Concernant la demande de Xavier D., il ne saurait être reproché à la Sasu Eco Bati bois de ne pas s'être acquitté des redevances dues immédiatement et d'avoir engagé un recours contre sa condamnation en paiement et en fixation de créance, dès lors qu'elle a obtenu la réduction des montants sollicités et qu'elle alléguait de la nullité du contrat de redevance. Par ailleurs, la résistance a une action en justice constitue un droit et ne dégénère en abus pouvant donner lieu à réparation que s'il constitue un acte de malice ou de mauvaise foi insuffisamment caractérisé en l'espèce.
La demande reconventionnelle en dommages et intérêts pour résistance abusive présentée par Xavier D. doit être rejetée.

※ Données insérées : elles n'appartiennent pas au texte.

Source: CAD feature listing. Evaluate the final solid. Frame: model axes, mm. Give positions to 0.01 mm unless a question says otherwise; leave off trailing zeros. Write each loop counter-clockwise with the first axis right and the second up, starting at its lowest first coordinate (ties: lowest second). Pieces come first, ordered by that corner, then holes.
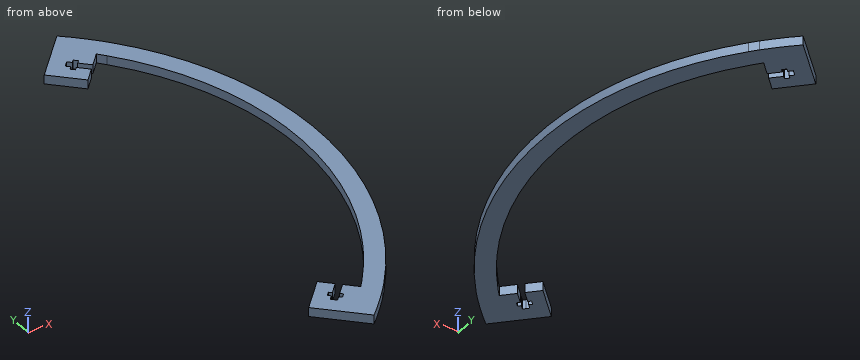
```python
from build123d import *

# Parameters (mm, degrees)
BOSS_EXTRUDE1_DEPTH = 6.35
BOSS_EXTRUDE3_START = -6.35
BOSS_EXTRUDE3_DEPTH = 6.35
CUT_EXTRUDE1_DEPTH  = 268.119964262


with BuildPart() as part:
    # Sketch1 → Boss-Extrude1 (new body)
    with BuildSketch(Plane.XY):
        with BuildLine():
            Line((143.360416784, 116.919323836), (134.344167558, 107.903074611))
            ThreePointArc((134.344167558, 107.903074611), (181.249035113, -21.950964887), (134.344167558, -151.805004385))
            Line((134.344167558, -151.805004385), (143.360416784, -160.82125361))
            ThreePointArc((143.360416784, -160.82125361), (193.949035113, -21.950964887), (143.360416784, 116.919323836))
        make_face()
    extrude(amount=BOSS_EXTRUDE1_DEPTH)

    # Sketch4 → Boss-Extrude3 (add)
    with BuildSketch(Plane.XY.offset(6.35).offset(BOSS_EXTRUDE3_START)):
        with BuildLine():
            Line((143.360416784, -160.82125361), (134.344167558, -151.805004385))
            ThreePointArc((134.344167558, -151.805004385), (132.290059148, -154.238328247), (130.198070847, -156.639163795))
            Line((130.198070847, -156.639163795), (139.193969877, -165.635062824))
            ThreePointArc((139.193969877, -165.635062824), (141.294938047, -163.24351662), (143.360416784, -160.82125361))
        make_face()
        with BuildLine():
            ThreePointArc((139.193969877, -165.635062824), (130.46291295, -174.865384883), (121.204013939, -183.56613137))
            Line((121.204013939, -183.56613137), (94.292689271, -156.654806703))
            Line((94.292689271, -156.654806703), (112.253201513, -138.694294461))
            Line((112.253201513, -138.694294461), (139.193969877, -165.635062824))
        make_face()
    boss_extrude3 = extrude(amount=BOSS_EXTRUDE3_DEPTH)

    # Sketch5 → Cut-Extrude1 (cut, through all)
    with BuildSketch(Plane.XY.offset(6.35)):
        Polygon((122.734319209, -149.175412156), (121.22563618, -147.666729128), (110.449328835, -158.443036473), (111.958011863, -159.951719502), (114.292878455, -157.61685291), (115.927285069, -159.251259524), (118.172349099, -157.006195494), (116.537942485, -155.37178888), align=None)
        Polygon((110.449328835, -158.443036473), (121.22563618, -147.666729128), (119.716953152, -146.1580461), (113.520576428, -152.354422823), (111.886169814, -150.720016209), (109.641105784, -152.965080239), (111.275512398, -154.599486854), (108.940645807, -156.934353445), align=None)
    cut_extrude1 = extrude(amount=-CUT_EXTRUDE1_DEPTH, mode=Mode.SUBTRACT)

    # Mirror2: Boss-Extrude3, Cut-Extrude1 across plane
    add(boss_extrude3.mirror(Plane.ZX.offset(-21.950964887)))
    add(cut_extrude1.mirror(Plane.ZX.offset(-21.950964887)), mode=Mode.SUBTRACT)


solid = part.part
```
1. Line query: probe 1 along Y at (x, z) = (113, 3.75); probe 2 along Y at (x, z) = (115, 4.75) (3 decimals); probe 3 along Y at (x, z) = (146.5, 0.5). Output: solid intervals per line, ascending.
2. Section query D-D (y = -8). Return loops of the section in (x, z), plus the area to 3 significant figures.
3. Section query C-C (y = 41). Return loops of the section in (x, z), plus the area to 3 significant figures.
4. Section query B-B (x = 102). Return loops of the section in (y, z).
5. Pin query (flat end, axial travel): P1, Ø2, axis at y = -70.5, z = 1.5, coming from the +X side; P2, Ø1, axis at y = -142.5, z = 5.5, coming from the -X side. Return the tip coordinate at first contact, or that it passes through.
6. Section query A-A (x = 173). Return loops of the section in (y, z).
The answers:
1. probe 1: y = -175.36 to -158.91, -151.83 to -139.44, 95.54 to 107.93, 115.01 to 131.46
1. probe 2: y = -177.362 to -158.324, -150.875 to -141.441, 97.539 to 106.973, 114.422 to 133.46
1. probe 3: y = -157 to -135.59, 91.69 to 113.09
2. outline: (180.77, 0) - (193.5, 0) - (193.5, 6.35) - (180.77, 6.35) - close
2. area: 80.8 mm2
3. outline: (171.25, 0) - (184.57, 0) - (184.57, 6.35) - (171.25, 6.35) - close
3. area: 84.6 mm2
4. outline: (-164.36, 0) - (-148.95, 0) - (-148.95, 6.35) - (-164.36, 6.35) - close; (105.05, 0) - (120.46, 0) - (120.46, 6.35) - (105.05, 6.35) - close
5. P1: stops at x = 188.65
5. P2: stops at x = 107.95
6. outline: (-114.72, 0) - (-79.26, 0) - (-79.26, 6.35) - (-114.72, 6.35) - close; (35.36, 0) - (70.82, 0) - (70.82, 6.35) - (35.36, 6.35) - close
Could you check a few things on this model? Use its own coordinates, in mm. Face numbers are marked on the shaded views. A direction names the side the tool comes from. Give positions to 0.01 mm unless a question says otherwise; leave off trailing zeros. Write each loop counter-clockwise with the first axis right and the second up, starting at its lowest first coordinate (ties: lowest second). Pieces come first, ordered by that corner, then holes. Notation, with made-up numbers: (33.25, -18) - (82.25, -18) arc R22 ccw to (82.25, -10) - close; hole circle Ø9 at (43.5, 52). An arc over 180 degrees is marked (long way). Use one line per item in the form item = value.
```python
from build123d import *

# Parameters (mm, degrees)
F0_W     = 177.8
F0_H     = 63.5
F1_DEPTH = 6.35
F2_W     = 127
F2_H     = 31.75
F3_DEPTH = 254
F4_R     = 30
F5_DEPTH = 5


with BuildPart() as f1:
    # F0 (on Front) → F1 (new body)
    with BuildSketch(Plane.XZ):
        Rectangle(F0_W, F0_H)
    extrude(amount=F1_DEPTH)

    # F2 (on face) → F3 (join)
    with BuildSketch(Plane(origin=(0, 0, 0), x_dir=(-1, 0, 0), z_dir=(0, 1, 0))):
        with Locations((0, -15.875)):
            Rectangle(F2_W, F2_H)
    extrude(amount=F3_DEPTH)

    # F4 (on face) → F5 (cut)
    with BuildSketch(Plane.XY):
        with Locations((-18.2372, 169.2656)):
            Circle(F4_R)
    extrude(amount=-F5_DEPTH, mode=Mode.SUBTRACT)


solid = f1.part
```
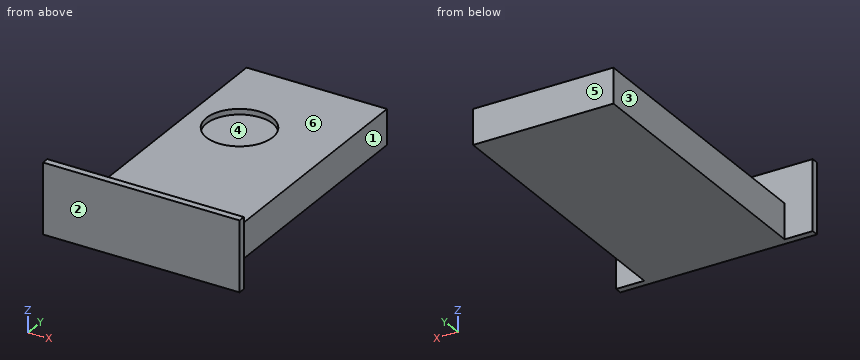
1. Which directions (+Z, -Z, +X, -X, +Y, -Y) give clear straight access to the entire face, cutting with the end or side of a thin tool? Please do the marked faces 5 and 6.
Response values:
face_5 = +Z, -Z, +X, -X, +Y
face_6 = +Z, +X, -X, +Y
2. Imagine slicing it at A-A, the plane z = -23.5. List the corners of the cut face in (x, y) for me, and give its area (3 significant figures).
Response values:
outline = (-88.9, -6.35) - (88.9, -6.35) - (88.9, 0) - (63.5, 0) - (63.5, 254) - (-63.5, 254) - (-63.5, 0) - (-88.9, 0) - close
area = 33,400 mm²
3. Imagine slicing it at D-D, the plane x = -21.5. List the corners of the cut face in (y, z) for me.
Response values:
outline = (-6.35, -31.75) - (254, -31.75) - (254, 0) - (199.09, 0) - (199.09, -5) - (139.44, -5) - (139.44, 0) - (0, 0) - (0, 31.75) - (-6.35, 31.75) - close
4. For pin 1 (9.5 mm diameter, centred on y = 177, z = -19, fed in from -X); pin 2 (5 mm diameter, centred on x = -8, z = 7.5, fed in from +Y); pin 3 (9.5 mm diameter, centred on y = 77, z = -13, fed in from +X), each with a flat end and sliding along its axis, tell me the tip position at first contact or that it passes through.
Response values:
pin_1 = -63.5
pin_2 = 0
pin_3 = 63.5
5. If we mould it in two halves opening along X, with no side actions, what happens to the marked faces 1, 2, 3 and 4? For each: pulls with the +X half, pulls with the -X half, needs draft (parallel to the pull), parting line crosses it, or undercut.
Response values:
face_1 = pulls with the +X half
face_2 = needs draft
face_3 = pulls with the -X half
face_4 = undercut
6. If I drill on line 1 (X direction, y = 98, z = -14.5); line 2 (Y direction, x = 21, z = 28); line 3 (Z direction, x = 1.5, y = 204), over which ranges is the centre line in solid material (lowest first)? Write a range as from..to.
Response values:
line_1 = -63.5..63.5
line_2 = -6.35..0
line_3 = -31.75..0
7. Imagine slicing it at B-B, the plane x = 5. List the corners of the cut face in (y, z) for me.
Response values:
outline = (-6.35, -31.75) - (254, -31.75) - (254, 0) - (188.24, 0) - (188.24, -5) - (150.29, -5) - (150.29, 0) - (0, 0) - (0, 31.75) - (-6.35, 31.75) - close
8. Imagine slicing it at C-C, the plane y = 177.5. List the corners of the cut face in (x, z) for me, and give its area (3 significant figures).
Response values:
outline = (-63.5, -31.75) - (63.5, -31.75) - (63.5, 0) - (10.61, 0) - (10.61, -5) - (-47.08, -5) - (-47.08, 0) - (-63.5, 0) - close
area = 3,740 mm²
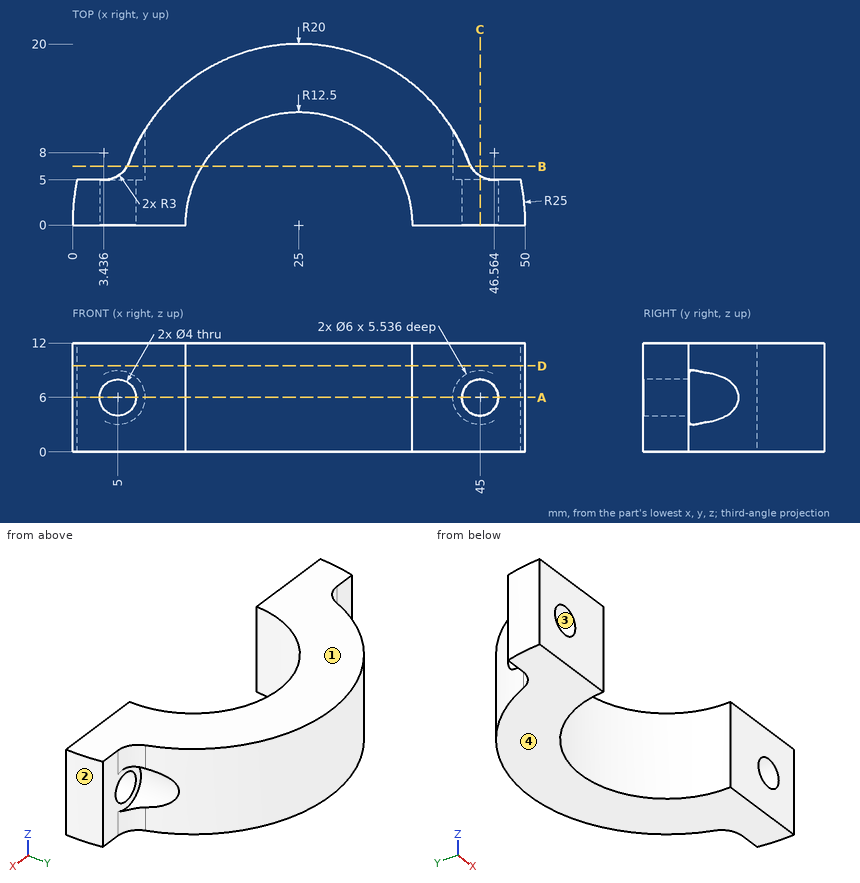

- sur les demandes accessoires :
La SASU Eco Bati Bois qui succombe pour l'essentiel supportera les dépens d'appel et versera 1.500 euros à Xavier D. en application de l'article 700 du cpc.
PAR CES MOTIFS :
La Cour, après en avoir délibéré, statuant publiquement par mise à disposition au greffe, par arrêt réputé contradictoire et en dernier ressort,
- déclare l'appel recevable
- infirme le jugement, mais seulement en ce qu'il a :
* fixé au passif du redressement judiciaire de la société Eco Bati Bois la somme de 139 044,29 euros à titre de créance au profit de Monsieur D. ;
* condamné la société Eco Bati Bois à payer à Monsieur D. la somme de 14.202,73 euros ;
* dit que la société Eco Bati Bois devra procéder à ses frais à la radiation de la licence portant sur la marque Prefaland au registre national des marques sous astreinte de 100 euros par jour de retard passé le délai d'un mois à compter de la signification du présent jugement et pour une durée de 3 mois ;
Et statuant à nouveau sur les chefs infirmés, et y ajoutant,
- fixe au passif du redressement judiciaire de la société Eco Bati Bois la somme de 86.937,12 euros ttc à titre de créance au profit de Xavier D. ;
- condamne la société Eco Bati Bois à payer à Xavier D. la somme de 1.174,39 euros ttc euros ;
- dit que la société Eco Bati Bois devra procéder à ses frais à la radiation de la licence portant sur la marque Prefaland au registre national des marques sous astreinte de 50 euros par jour de retard passé le délai d'un mois à compter de la signification du présent arrêt et pour une durée de 3 mois ;
- confirme le jugement pour le surplus
- déboute les parties de leurs autres demandes
- condamne la SASU Eco Bati Bois aux dépens d'appel
Vu l'article 700 du code de procédure civile,
- condamne la SASU Eco Bati Bois à payer à Xavier D. la somme de 1.500 euros.